El grafeno es el material más fino conocido hasta ahora, compuesto por una única capa de átomos de carbono dispuestos en una red hexagonal. Esa estructura le confiere muchas propiedades inusuales que son muy prometedoras para aplicaciones del mundo verdadero: baterías, supercondensadores, antenas, filtros de agua, transistores, células solares y pantallas táctiles, sólo por nombrar algunas. Los físicos que sintetizaron por primera vez el grafeno en el laboratorio ganaron el premio Premio Nobel de Física 2010. Pero el inventor del siglo XIX, Thomas Edison, pudo favor creado, sin saberlo, el grafeno como subproducto de sus experimentos originales con bombillas incandescentes más de un siglo antaño, según un estudio. papel nuevo publicado en la revista ACS Nano.
“Para reproducir lo que Tomás Edison Lo que hicimos, con las herramientas y el conocimiento que tenemos ahora, es muy emocionante”. dijo el coautor James Tourquímico de la Universidad Rice. “Descubrir que podría favor producido grafeno inspira curiosidad sobre qué otra información se encuentra enterrada en experimentos históricos. ¿Qué preguntas harían nuestros antepasados científicos si pudieran unirse a nosotros en el laboratorio hoy? ¿Qué preguntas podemos replicar cuando revisemos su trabajo a través de una cristal moderna?”
Edison no inventó el concepto de lámparas incandescentes; Hubo varias versiones anteriores a sus esfuerzos. Sin secuestro, generalmente tenían una vida útil muy corta y requerían mucha corriente eléctrica, por lo que no se adaptaban admisiblemente a la visión de Edison de una comercialización a gran escalera. Experimentó con diferentes materiales de filamentos, empezando por cartón carbonizado y enfadado de humo comprimido.

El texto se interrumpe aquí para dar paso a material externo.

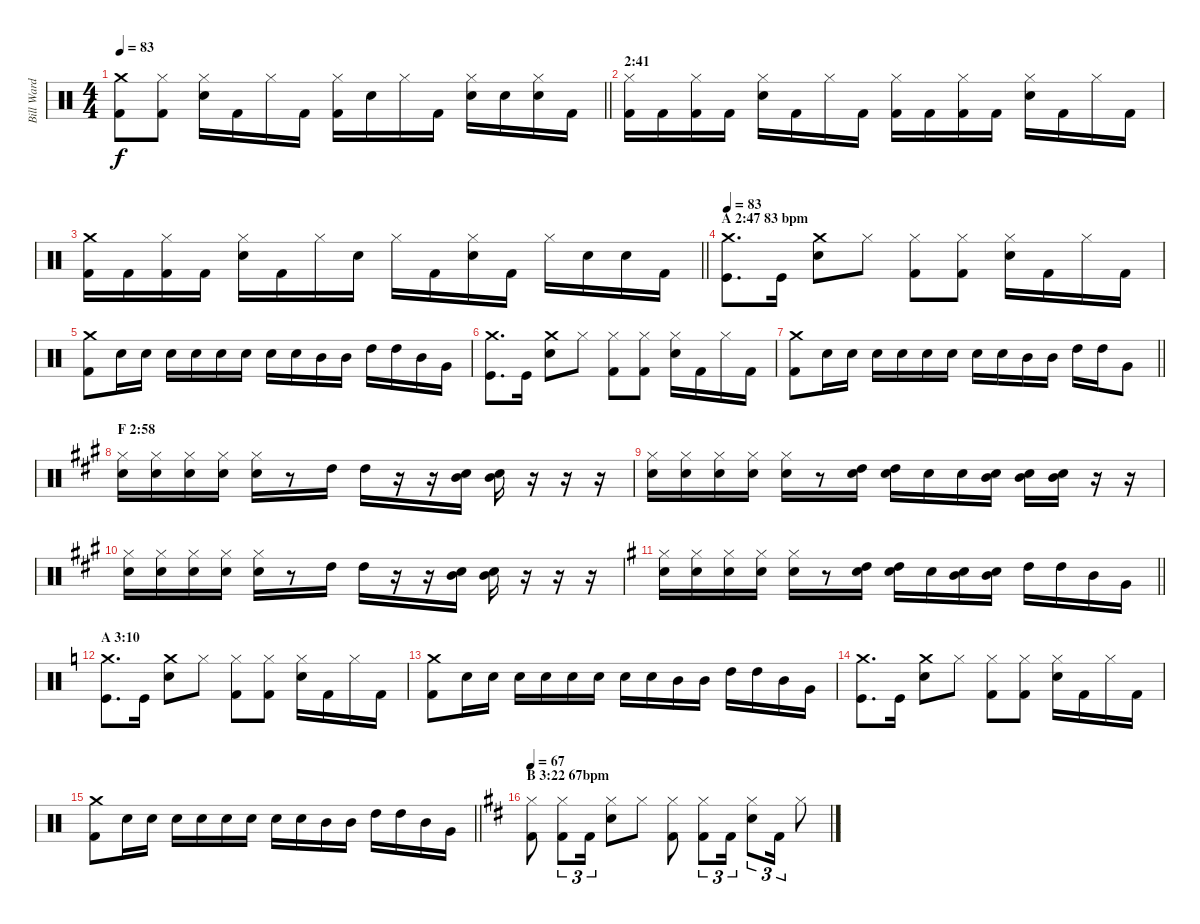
\track ("Bill Ward (Drums)" "Bill Ward ") {instrument percussion}
\staff {score}
\articulation defaults
\ts (4 4)
\tempo 83
\clef neutral
\barLineRight lightlight
\ks c
("Crash medium (hit)" "Kick (hit) 2").8{dy f} ("Hi-Hat (closed)" "Kick (hit) 2").8 ("Hi-Hat (closed)" "Snare (hit) 2").16 "Kick (hit) 2".16 "Hi-Hat (closed)".16 "Kick (hit) 2".16 ("Hi-Hat (closed)" "Kick (hit) 2").16 "Snare (hit) 2".16 "Hi-Hat (closed)".16 "Kick (hit) 2".16 ("Hi-Hat (closed)" "Snare (hit) 2").16 "Snare (hit) 2".16 ("Hi-Hat (closed)" "Snare (hit) 2").16 "Kick (hit) 2".16 |
\section ("" "2:41")
("Hi-Hat (closed)" "Kick (hit) 2").16 "Kick (hit) 2".16 ("Hi-Hat (closed)" "Kick (hit) 2").16 "Kick (hit) 2".16 ("Hi-Hat (closed)" "Snare (hit) 2").16 "Kick (hit) 2".16 "Hi-Hat (closed)".16 "Kick (hit) 2".16 ("Hi-Hat (closed)" "Kick (hit) 2").16 "Kick (hit) 2".16 ("Hi-Hat (closed)" "Kick (hit) 2").16 "Kick (hit) 2".16 ("Hi-Hat (closed)" "Snare (hit) 2").16 "Kick (hit) 2".16 "Hi-Hat (closed)".16 "Kick (hit) 2".16 |
\barLineRight lightlight
("Crash medium (hit)" "Kick (hit) 2").16 "Kick (hit) 2".16 ("Hi-Hat (closed)" "Kick (hit) 2").16 "Kick (hit) 2".16 ("Hi-Hat (closed)" "Snare (hit) 2").16 "Kick (hit) 2".16 "Hi-Hat (closed)".16 "Snare (hit) 2".16 "Hi-Hat (closed)".16 "Kick (hit) 2".16 ("Hi-Hat (closed)" "Snare (hit) 2").16 "Kick (hit) 2".16 "Hi-Hat (closed)".16 "Snare (hit) 2".16 "Snare (hit) 2".16 "Kick (hit) 2".16 |
\section ("" "A 2:47 83 bpm")
\tempo 83
("Crash medium (hit)" "Kick (hit)").8{d} "Kick (hit)".16 ("Crash medium (hit)" "Snare (hit) 2").8 "Hi-Hat (closed)".8 ("Hi-Hat (closed)" "Kick (hit) 2").8 ("Hi-Hat (closed)" "Kick (hit) 2").8 ("Hi-Hat (closed)" "Snare (hit) 2").16 "Kick (hit) 2".16 "Hi-Hat (closed)".16 "Kick (hit) 2".16 |
("Crash medium (hit)" "Kick (hit) 2").8 "Snare (hit) 2".16 "Snare (hit) 2".16 "Snare (hit) 2".16 "Snare (hit) 2".16 "Snare (hit) 2".16 "Snare (hit) 2".16 "Snare (hit) 2".16 "Snare (hit) 2".16 "Mid Tom (hit)".16 "Mid Tom (hit)".16 "High Tom (hit)".16 "High Tom (hit)".16 "Mid Tom (hit)".16 "Very Low Tom (hit)".16 |
("Crash medium (hit)" "Kick (hit)").8{d} "Kick (hit)".16 ("Crash medium (hit)" "Snare (hit) 2").8 "Hi-Hat (closed)".8 ("Hi-Hat (closed)" "Kick (hit) 2").8 ("Hi-Hat (closed)" "Kick (hit) 2").8 ("Hi-Hat (closed)" "Snare (hit) 2").16 "Kick (hit) 2".16 "Hi-Hat (closed)".16 "Kick (hit) 2".16 |
\barLineRight lightlight
("Crash medium (hit)" "Kick (hit) 2").8 "Snare (hit) 2".16 "Snare (hit) 2".16 "Snare (hit) 2".16 "Snare (hit) 2".16 "Snare (hit) 2".16 "Snare (hit) 2".16 "Snare (hit) 2".16 "Snare (hit) 2".16 "Mid Tom (hit)".16 "Mid Tom (hit)".16 "High Tom (hit)".16 "High Tom (hit)".16 "Very Low Tom (hit)".8 |
\section ("" "F 2:58")
\ks a
("Hi-Hat (closed)" "Snare (hit) 2").16 ("Hi-Hat (closed)" "Snare (hit) 2").16 ("Hi-Hat (closed)" "Snare (hit) 2").16 ("Hi-Hat (closed)" "Snare (hit) 2").16 ("Hi-Hat (closed)" "Snare (hit) 2").16 r.8 "High Tom (hit)".16 "High Tom (hit)".16 r.16 r.16 ("Mid Tom (hit)" "Snare (hit) 2").16 ("Mid Tom (hit)" "Snare (hit) 2").16 r.16 r.16 r.16 |
("Hi-Hat (closed)" "Snare (hit) 2").16 ("Hi-Hat (closed)" "Snare (hit) 2").16 ("Hi-Hat (closed)" "Snare (hit) 2").16 ("Hi-Hat (closed)" "Snare (hit) 2").16 ("Hi-Hat (closed)" "Snare (hit) 2").16 r.8 ("High Tom (hit)" "Snare (hit) 2").16 ("High Tom (hit)" "Snare (hit) 2").16 "Snare (hit) 2".16 "Snare (hit) 2".16 ("Mid Tom (hit)" "Snare (hit) 2").16 ("Mid Tom (hit)" "Snare (hit) 2").16 ("Mid Tom (hit)" "Snare (hit) 2").16 r.16 r.16 |
("Hi-Hat (closed)" "Snare (hit) 2").16 ("Hi-Hat (closed)" "Snare (hit) 2").16 ("Hi-Hat (closed)" "Snare (hit) 2").16 ("Hi-Hat (closed)" "Snare (hit) 2").16 ("Hi-Hat (closed)" "Snare (hit) 2").16 r.8 "High Tom (hit)".16 "High Tom (hit)".16 r.16 r.16 ("Mid Tom (hit)" "Snare (hit) 2").16 ("Mid Tom (hit)" "Snare (hit) 2").16 r.16 r.16 r.16 |
\barLineRight lightlight
\ks g
("Hi-Hat (closed)" "Snare (hit) 2").16 ("Hi-Hat (closed)" "Snare (hit) 2").16 ("Hi-Hat (closed)" "Snare (hit) 2").16 ("Hi-Hat (closed)" "Snare (hit) 2").16 ("Hi-Hat (closed)" "Snare (hit) 2").16 r.8 ("High Tom (hit)" "Snare (hit) 2").16 ("High Tom (hit)" "Snare (hit) 2").16 "Snare (hit) 2".16 ("Mid Tom (hit)" "Snare (hit) 2").16 ("Mid Tom (hit)" "Snare (hit) 2").16 "High Tom (hit)".16 "High Tom (hit)".16 "Mid Tom (hit)".16 "Very Low Tom (hit)".16 |
\section ("" "A 3:10")
\ks c
("Crash medium (hit)" "Kick (hit)").8{d} "Kick (hit)".16 ("Crash medium (hit)" "Snare (hit) 2").8 "Hi-Hat (closed)".8 ("Hi-Hat (closed)" "Kick (hit) 2").8 ("Hi-Hat (closed)" "Kick (hit) 2").8 ("Hi-Hat (closed)" "Snare (hit) 2").16 "Kick (hit) 2".16 "Hi-Hat (closed)".16 "Kick (hit) 2".16 |
("Crash medium (hit)" "Kick (hit) 2").8 "Snare (hit) 2".16 "Snare (hit) 2".16 "Snare (hit) 2".16 "Snare (hit) 2".16 "Snare (hit) 2".16 "Snare (hit) 2".16 "Snare (hit) 2".16 "Snare (hit) 2".16 "Mid Tom (hit)".16 "Mid Tom (hit)".16 "High Tom (hit)".16 "High Tom (hit)".16 "Mid Tom (hit)".16 "Very Low Tom (hit)".16 |
("Crash medium (hit)" "Kick (hit)").8{d} "Kick (hit)".16 ("Crash medium (hit)" "Snare (hit) 2").8 "Hi-Hat (closed)".8 ("Hi-Hat (closed)" "Kick (hit) 2").8 ("Hi-Hat (closed)" "Kick (hit) 2").8 ("Hi-Hat (closed)" "Snare (hit) 2").16 "Kick (hit) 2".16 "Hi-Hat (closed)".16 "Kick (hit) 2".16 |
\barLineRight lightlight
("Crash medium (hit)" "Kick (hit) 2").8 "Snare (hit) 2".16 "Snare (hit) 2".16 "Snare (hit) 2".16 "Snare (hit) 2".16 "Snare (hit) 2".16 "Snare (hit) 2".16 "Snare (hit) 2".16 "Snare (hit) 2".16 "Mid Tom (hit)".16 "Mid Tom (hit)".16 "High Tom (hit)".16 "High Tom (hit)".16 "Mid Tom (hit)".16 "Very Low Tom (hit)".16 |
\section ("" "B 3:22 67bpm")
\tempo 67
\ks d
("Hi-Hat (closed)" "Kick (hit) 2").8 ("Hi-Hat (closed)" "Kick (hit) 2").8{tu (3 2)} "Kick (hit) 2".16{tu (3 2)} ("Hi-Hat (closed)" "Snare (hit) 2").8 "Hi-Hat (closed)".8 ("Hi-Hat (closed)" "Kick (hit) 2").8 ("Hi-Hat (closed)" "Kick (hit) 2").8{tu (3 2)} "Kick (hit) 2".16{tu (3 2)} ("Hi-Hat (closed)" "Snare (hit) 2").8{tu (3 2)} "Kick (hit) 2".16{tu (3 2)} "Hi-Hat (closed)".8

Esto incluso se quemó rápidamente, al igual que los filamentos hechos con diversas hierbas y cañas, como el cáñamo y el palmito. Finalmente, Edison descubrió que el bambú carbonizado constituía el mejor filamento, con una vida útil de más de 1200 horas utilizando una fuente de comestibles de 110 voltios.
Lucas Eddy, estudiante de posgrado de Tour en Rice, estaba tratando de encontrar formas de producir grafeno en masa utilizando el equipo más pequeño y sencillo que pudiera manejar, con materiales que fueran asequibles y fácilmente disponibles. Consideró opciones como soldadores de curvatura y fenómenos naturales como rayos que caen sobre árboles, los cuales el admitio Eran “callejones sin salida”. Eddy decidió que la bombilla de Edison sería ideal, ya que a diferencia de otras bombillas anteriores, la lectura de Edison era capaz de alcanzar las temperaturas críticas de 2000 grados C necesarias para el calentamiento instantáneo Joule, el mejor método para inventar los llamados grafeno turboestrático.